BRONTE: L’ANAS HA DATO IL VIA ALL’INTERVENTO PER RENDERE SICURA LA STATALE 284

L’Anas raccoglie l’appello lanciato dall’A mministrazione comunale di Bronte ed effettuata un deciso intervento per rendere più sicuro il transito sulla Statale 284 fra Bronte e Maletto. Operai, infatti, al lavoro oltre che in diversi tratti per rifare l’asfalto, anche lungo le discese fra contrada Difesa e l’abitato di Bronte, dove stanno effettuando degli interventi per migliorare il drenaggio dell’acqua a valle, preludio di un più robusto intervento da effettuare durante l’inverno. L’obbiettivo è evitare i rischi derivanti dal rigonfiamento del muro in pietra lavica che fa da terrapieno e il suo possibile crollo, rischi segnalati dal vice sindaco Gaetano Messina qualche giorno fa.

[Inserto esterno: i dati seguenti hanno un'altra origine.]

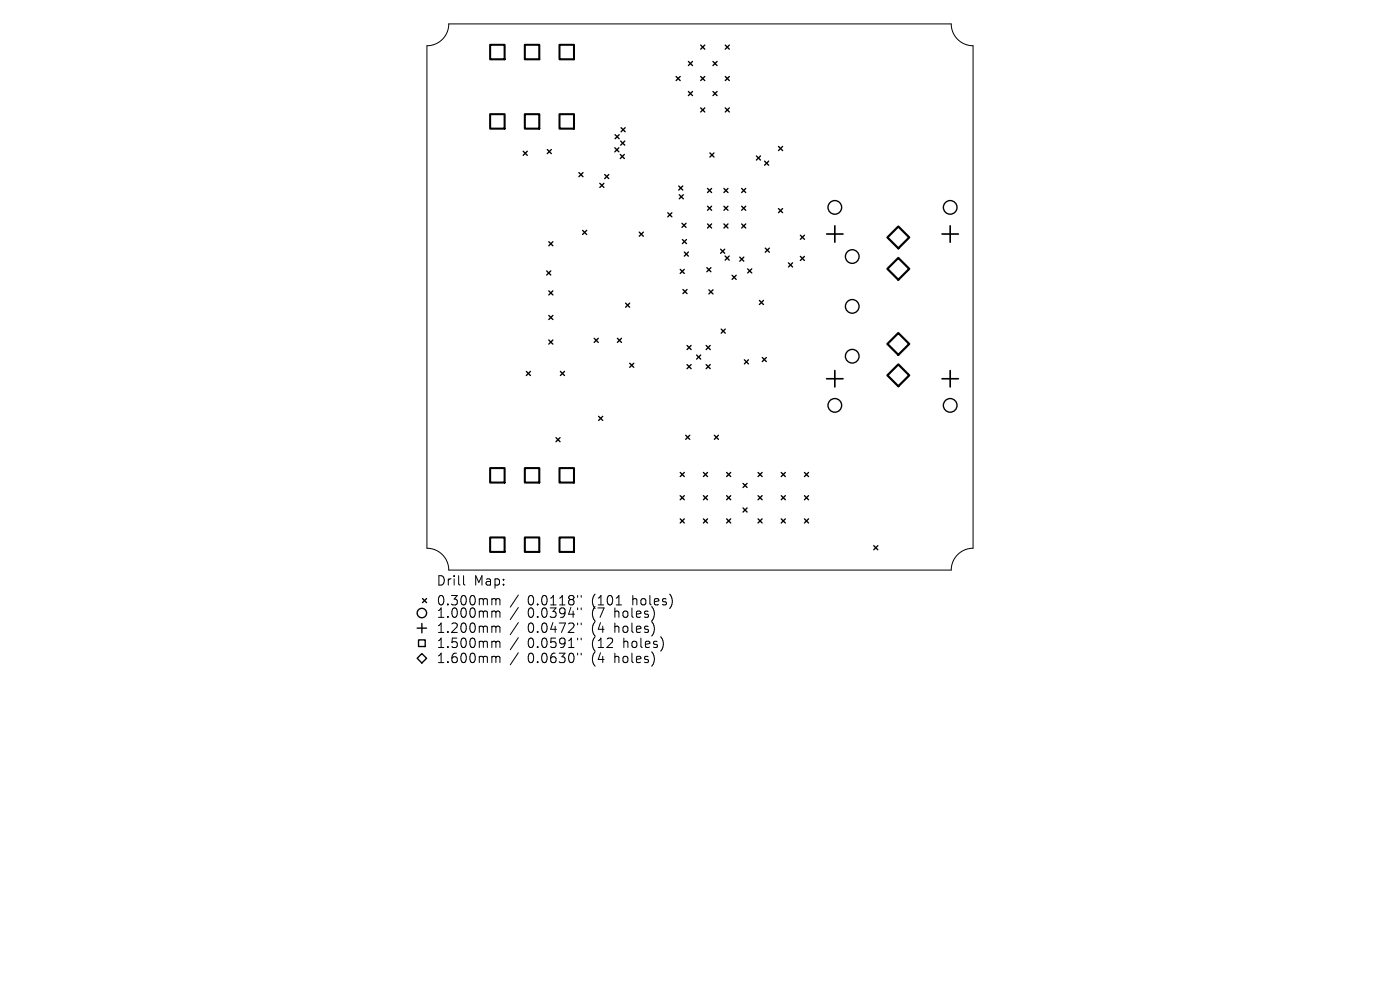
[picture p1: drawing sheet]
<svg xmlns="http://www.w3.org/2000/svg" width="297mm" height="210mm" viewBox="0 0 297 210" stroke-linecap="round" stroke-linejoin="round" font-family="sans-serif">
<defs><g id="words">
<g font-size="2.8">
<text x="92.5" y="124.5">Drill</text>
<text x="100.5" y="124.5">Map:</text>
<text x="92.5" y="128.7">0.300mm</text>
<text x="92.5" y="131.3">1.000mm</text>
<text x="111.9" y="128.7">0.0118&quot;</text>
<text x="111.9" y="131.3">0.0394&quot;</text>
<text x="125.7" y="128.7">(101</text>
<text x="125.7" y="131.3">(7</text>
<text x="130.6" y="131.3">holes)</text>
<text x="134.4" y="128.7">holes)</text>
<text x="92.5" y="134.5">1.200mm</text>
<text x="92.5" y="137.7">1.500mm</text>
<text x="111.9" y="134.5">0.0472&quot;</text>
<text x="111.9" y="137.7">0.0591&quot;</text>
<text x="125.7" y="134.5">(4</text>
<text x="125.7" y="137.7">(12</text>
<text x="130.6" y="134.5">holes)</text>
<text x="132.5" y="137.7">holes)</text>
<text x="92.5" y="140.9">1.600mm</text>
<text x="111.9" y="140.9">0.0630&quot;</text>
<text x="125.7" y="140.9">(4</text>
<text x="130.6" y="140.9">holes)</text>
</g>
</g></defs>
<g fill="none" stroke="#000" stroke-width=".21">
<path d="M90.6 9.7a4.6 4.6 0 0 0 4.6-4.6h106.6a4.6 4.6 0 0 0 4.6 4.6v106.6a4.6 4.6 0 0 0-4.6 4.6h-106.6a4.6 4.6 0 0 0-4.6-4.6zM98.3 122.1v1.7l.3 .3M104.6 127l.5 .1 .1 .2M104.6 129.6h.3l.3 .3M104.6 132.8l.5 .1 .1 .2M104.6 136l.5 .1 .1 .2M104.6 139.2l.5 .1 .1 .2M105.2 127.3l.3-.3 .5 .1 .1 1.2M105.2 127.3v1M105.2 129.9v1.1M105.2 133.1v1.1M105.2 136.3v1.1"/>
<path d="M105.2 139.5v1.1M105.2 129.9l.3-.3 .5 .1 .1 1.3M105.2 133.1l.3-.3 .5 .1 .1 1.3M105.2 136.3l.3-.3 .5 .1 .1 1.3M105.2 139.5l.3-.3 .5 .1 .1 1.3M110 126.2l-1.8 2.6M110 128.9l-1.8 2.5M110 132.1l-1.8 2.5M110 135.3l-1.8 2.5M110 138.5l-1.8 2.5M122.5 126.3v.4M122.5 129v.3"/>
<path d="M122.5 132.2v.3M122.5 135.4v.3M122.5 138.6v.3M123.3 126.3v.4M123.3 129v.3M123.3 132.2v.3M123.3 135.4v.3M123.3 138.6v.3M130.7 128.3h1.2"/>
</g>
<g fill="none" stroke="#000" stroke-width=".29">
<path d="M143.4 16.2l.9 .9M144.3 16.2l-.9 .9M146 13l.9 .9M146 19.4l.9 .9M146.9 13l-.9 .9M146.9 19.4l-.9 .9M148.6 9.6l.9 .8M148.6 16.2l.9 .9M149.5 9.6l-.9 .8M149.5 16.2l-.9 .9M151.3 13l.8 .9M151.3 19.4l.8 .9"/>
<path d="M152.1 13l-.8 .9M152.1 19.4l-.8 .9M153.9 9.6l.8 .8M153.9 16.2l.8 .9M154.7 9.6l-.8 .8M154.7 16.2l-.8 .9M111 32.1l.9 .9M111.9 32.1l-.9 .9M116.1 31.7l.9 .9M117 31.7l-.9 .9M122.8 36.6l.9 .9M123.7 36.6l-.9 .9"/>
<path d="M127.2 38.9l.9 .9M128.1 38.9l-.9 .9M128.3 37l.9 .9M129.2 37l-.9 .9M130.4 31.3l.9 .9M130.5 28.6l.9 .8M131.3 31.3l-.9 .9M131.4 28.6l-.9 .8M131.6 32.8l.9 .8M131.7 29.9l.8 .9M131.8 27.1l.8 .9M132.5 32.8l-.9 .8"/>
<path d="M132.5 29.9l-.8 .9M132.6 27.1l-.8 .9M144 39.5l.9 .8M144.9 39.5l-.9 .8M148.6 22.9l.9 .9M149.5 22.9l-.9 .9M150.1 40l.9 .8M150.6 32.4l.9 .9M151 40l-.9 .8M151.5 32.4l-.9 .9M153.6 40l.8 .8M153.9 22.9l.8 .9"/>
<path d="M154.4 40l-.8 .8M154.7 22.9l-.8 .9M157.3 40l.9 .8M158.2 40l-.9 .8M160.5 33.1l.8 .9M161.3 33.1l-.8 .9M162.2 34.2l.9 .9M163.1 34.2l-.9 .9M165.2 31.1l.8 .8M166 31.1l-.8 .8M116 57.5l.8 .8M116.4 51.3l.9 .8"/>
<path d="M116.8 57.5l-.8 .8M117.3 51.3l-.9 .8M123.6 48.9l.9 .8M124.5 48.9l-.9 .8M135.6 49.2l.9 .9M136.5 49.2l-.9 .9M141.7 45.1l.8 .9M142.5 45.1l-.8 .9M144.1 41.3l.9 .9M144.3 57.1l.9 .9M144.7 47.4l.8 .8M144.8 50.8l.8 .9"/>
<path d="M145 41.3l-.9 .9M145.2 57.1l-.9 .9M145.2 53.5l.8 .8M145.5 47.4l-.8 .8M145.6 50.8l-.8 .9M146 53.5l-.8 .8M149.9 56.8l.9 .8M150.1 43.7l.9 .9M150.1 47.5l.9 .9M150.8 56.8l-.9 .8M151 43.7l-.9 .9M151 47.5l-.9 .9"/>
<path d="M152.9 52.9l.8 .8M153.6 43.7l.8 .9M153.6 47.5l.8 .9M153.7 52.9l-.8 .8M153.8 54.3l.9 .9M154.4 43.7l-.8 .9M154.4 47.5l-.8 .9M154.7 54.3l-.9 .9M155.3 58.4l.9 .9M156.2 58.4l-.9 .9M156.9 54.5l.9 .9M157.3 43.7l.9 .9"/>
<path d="M157.3 47.5l.9 .9M157.8 54.5l-.9 .9M158.2 43.7l-.9 .9M158.2 47.5l-.9 .9M158.6 57l.9 .9M159.5 57l-.9 .9M162.3 52.6l.9 .9M163.2 52.6l-.9 .9M165.2 44.2l.8 .9M166 44.2l-.8 .9M167.3 55.8l.8 .8M168.1 55.8l-.8 .8"/>
<path d="M169.8 49.9l.9 .9M169.8 54.4l.9 .9M170.7 49.9l-.9 .9M170.7 54.4l-.9 .9M111.7 78.8l.8 .9M112.5 78.8l-.8 .9M116.4 61.7l.9 .9M116.4 66.9l.9 .9M116.4 72.1l.9 .9M117.3 61.7l-.9 .9M117.3 66.9l-.9 .9M117.3 72.1l-.9 .9"/>
<path d="M118.9 78.8l.9 .9M119.8 78.8l-.9 .9M126.1 71.8l.8 .8M126.9 71.8l-.8 .8M131 71.8l.8 .8M131.8 71.8l-.8 .8M132.7 64.3l.9 .9M133.6 64.3l-.9 .9M133.6 77.1l.9 .8M134.5 77.1l-.9 .8M144.9 61.4l.8 .9M145.7 77.3l.9 .9"/>
<path d="M145.7 61.4l-.8 .9M145.7 73.3l.9 .9M146.6 73.3l-.9 .9M146.6 77.3l-.9 .9M147.8 75.3l.8 .9M148.6 75.3l-.8 .9M149.8 77.3l.9 .9M149.8 73.3l.9 .9M150.4 61.5l.9 .9M150.7 73.3l-.9 .9M150.7 77.3l-.9 .9M151.3 61.5l-.9 .9"/>
<path d="M153 69.8l.9 .9M153.9 69.8l-.9 .9M157.9 76.3l.9 .9M158.8 76.3l-.9 .9M161.1 63.7l.9 .9M161.7 75.8l.9 .9M162 63.7l-.9 .9M162.6 75.8l-.9 .9M117.9 92.8l.9 .9M118.8 92.8l-.9 .9M127 88.3l.9 .9M127.9 88.3l-.9 .9"/>
<path d="M145.5 92.3l.8 .9M146.3 92.3l-.8 .9M151.5 92.3l.9 .9M152.4 92.3l-.9 .9M144.3 100.2l.9 .9M144.3 105.1l.9 .9M144.3 110.1l.9 .8M145.2 100.2l-.9 .9M145.2 105.1l-.9 .9M145.2 110.1l-.9 .8M149.2 105.1l.9 .9M149.2 110.1l.9 .8"/>
<path d="M149.2 100.2l.9 .9M150.1 100.2l-.9 .9M150.1 105.1l-.9 .9M150.1 110.1l-.9 .8M154.1 110.1l.9 .8M154.1 100.2l.9 .9M154.1 105.1l.9 .9M155 100.2l-.9 .9M155 105.1l-.9 .9M155 110.1l-.9 .8M157.6 102.5l.9 .9M157.6 107.8l.9 .8"/>
<path d="M158.5 102.5l-.9 .9M158.5 107.8l-.9 .8M160.8 100.2l.9 .9M160.8 105.1l.9 .9M160.8 110.1l.9 .8M161.7 100.2l-.9 .9M161.7 105.1l-.9 .9M161.7 110.1l-.9 .8M165.7 105.1l.9 .9M165.7 110.1l.9 .8M165.7 100.2l.9 .9M166.6 100.2l-.9 .9"/>
<path d="M166.6 105.1l-.9 .9M166.6 110.1l-.9 .8M170.7 110.1l.8 .8M170.7 105.1l.8 .9M170.7 100.2l.8 .9M171.5 100.2l-.8 .9M171.5 105.1l-.8 .9M171.5 110.1l-.8 .8M185.4 115.8l.8 .8M186.2 115.8l-.8 .8M88.5 139.6l1-1 1 1-1 1zM88.5 133.2h2"/>
<path d="M88.8 135.7h1.4v1.5h-1.4zM89.5 132.2v2M89.6 127l.9 .8M90.5 127l-.9 .8"/>
<circle cx="177.1" cy="44" r="1.45"/>
<circle cx="180.8" cy="54.4" r="1.45"/>
<circle cx="201.6" cy="44" r="1.45"/>
<circle cx="180.8" cy="75.6" r="1.45"/>
<circle cx="180.8" cy="65" r="1.45"/>
<circle cx="177.1" cy="86" r="1.45"/>
<circle cx="201.6" cy="86" r="1.45"/>
<circle cx="89.5" cy="130" r="1"/>
</g>
<path d="M175.4 49.6h3.4M177.1 47.9v3.5M199.8 49.6h3.5M201.6 47.9v3.5M177.1 78.6v3.5M201.6 78.6v3.5M175.4 80.3h3.4M199.8 80.3h3.5" fill="none" stroke="#000" stroke-width=".35"/>
<path d="M104 9.5h3.1v3.1h-3.1zM111.3 9.5h3.1v3.1h-3.1zM118.7 9.5h3.1v3.1h-3.1zM104 24.2h3.1v3.1h-3.1zM111.3 24.2h3.1v3.1h-3.1zM118.7 24.2h3.1v3.1h-3.1zM104 99.3h3.1v3.1h-3.1zM111.3 99.3h3.1v3.1h-3.1zM118.7 99.3h3.1v3.1h-3.1zM104 114h3.1v3.1h-3.1zM111.3 114h3.1v3.1h-3.1zM118.7 114h3.1v3.1h-3.1z" fill="none" stroke="#000" stroke-width=".43"/>
<path d="M188.3 50.4l2.3-2.4 2.3 2.4-2.3 2.3zM188.3 57l2.3-2.3 2.3 2.3-2.3 2.3zM188.3 73l2.3-2.4 2.3 2.4-2.3 2.3zM188.3 79.6l2.3-2.3 2.3 2.3-2.3 2.3z" fill="none" stroke="#000" stroke-width=".46"/>
<use href="#words"/>
</svg>

«In questa fase – scrive l’Anas in una nota – stiamo effettuando lavori di sistemazione del corpo stradale in tratti saltuari, propedeutici ai lavori di pavimentazione (questi ultimi comportano un investimento di un milione di euro dal km 0 al Km 12, ovvero tra Randazzo e Bronte). Per il muro, il progetto è ultimato (importo 400mila euro) e i lavori inizieranno ormai in inverno». E durante i lavori il sindaco, Graziano Calanna, con il vice sindaco Gaetano Messina e gli assessori Chetti Liuzzo e Cristina Castiglione hanno effettuato un sopralluogo. «Ringraziamo l’Anas per aver accolto il nostro appello – afferma il sindaco –. Durante il sopralluogo abbiamo appreso dai tecnici che in questo momento è stato sistemato un grosso tubo per drenare l’acqua che arriva da monte, mentre in inverno dovrebbe essere realizzata una palificata idonea a bloccare il movimento franoso».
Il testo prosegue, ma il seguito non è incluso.